3.1 One Model, Many Languages

To scale our efforts to support the diversity of people in the world, it is important to build and customize machine learning models for many different languages in various NLP tasks. For each target language, however, this often requires going through the whole lifecycle of data collection, data cleansing, data annotation, data storage, feature creation and selection, machine learning model training, model validation, benchmarking and deployment of these models as services in production Akkiraju et al. (2018). It easily becomes overwhelming as the number of target languages increases. To address this problem, we advocate to build one model for all target languages together, which we called a Language-Independent Model (LIM), as the target languages to serve in production do not necessarily depend on which source languages were used in training. Figure 1 shows a conceptual example: an LIM can be trained using annotated data from the source languages such as English (EN) and French (FR), and then serve in the target languages including Spanish (ES), Italian (IT), Japanese(JA), which are different from the source languages. This not only accelerates the enablement of a new language by reusing data already annotated in previously supported languages, but also simplifies the deployment process and save efforts for maintaining multiple monolingual models in production.
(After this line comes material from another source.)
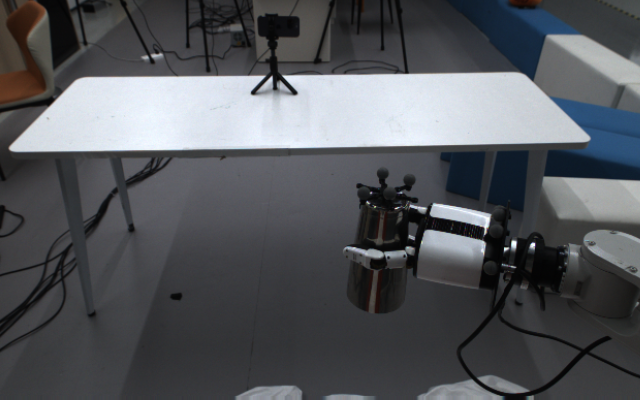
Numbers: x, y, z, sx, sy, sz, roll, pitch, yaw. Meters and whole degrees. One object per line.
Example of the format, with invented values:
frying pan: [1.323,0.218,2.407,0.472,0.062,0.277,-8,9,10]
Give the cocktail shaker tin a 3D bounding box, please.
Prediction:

Figure 1: A conceptual example of a Language-Independent Model (LIM). The target languages to serve in production do not necessarily depend on which source languages were used in training. For instance, an LIM can be trained using annotated data from the source languages such as English (EN) and French (FR), and then serve in the target languages including Spanish (ES), Italian (IT), Japanese(JA) and so on.
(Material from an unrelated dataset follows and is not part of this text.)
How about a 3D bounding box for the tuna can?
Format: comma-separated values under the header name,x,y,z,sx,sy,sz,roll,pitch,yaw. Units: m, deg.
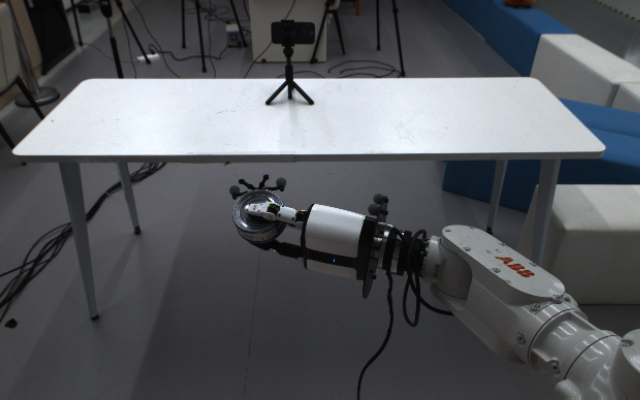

3.2 Multilingual Representation Learning with BERT

The basis for building LIMs lies in learning a representation that can feature multiple languages. Among the recent significant advances in deep contextualized representation learning for natural language understanding, BERT Devlin et al. (2019) stands out as its pre-training process naturally supports multilingual representation learning. Specifically, multilingual BERT was pre-trained on the Wikipedia pages (excluding user and talk pages) of 104 languages with a 110K shared WordPiece Wu et al. (2016) vocabulary. It is a 12-layer, 768-hidden, 12-head transformer model Vaswani et al. (2017) with 110M parameters. To alleviate the bias towards high-resource languages such as English, data from high-resource languages were under-sampled and those from low-resource languages were over-sampled. The pre-training of multilingual BERT does not use any marker denoting the input language, and does not rely on parallel corpus to explicitly encourage translation-equivalent pairs to have similar representations.

3.3 Fine-Tuning Multilingual BERT for End Tasks

The multilingual representations learned with BERT can be generalized for many natural language understanding tasks such as Sentiment Analysis, Named Entity Recognition, Categorization, and so on (as illustrated in Figure 

2

). The input representation of multilingual BERT is a sequence of tokens in any language, which may be a single sentence or two sentences packed together. The input representation of each token is constructed as the sum of the corresponding token, segment, and position embeddings. For sentence classification tasks, the first token of each sequence is a special classification embedding ([CLS]) and its final hidden state will be used as the aggregate representation of the whole sequence. For sequence labeling tasks, the final hidden state of each token will encode its contextualized representation with respect to the whole sequence. To fine-tune multilingual BERT, a classification layer is added on top of the final representation layer, and the probabilities of all label classes are computed with a standard softmax. The parameters of multilingual BERT and the classification layer are fine-tuned jointly to maximize the log-probability of the correct label. The labeled data of end tasks are shuffled across different languages when fine-tuning multilingual BERT.

Figure 2: An illustration of generalized multilingual representation learning for different NLP tasks.

4 Experiments

The effects of LIMs can be affected by at least three factors: task type, language set and data resource. In this section, we empirically investigate the effects of these factors on the performance of LIMs.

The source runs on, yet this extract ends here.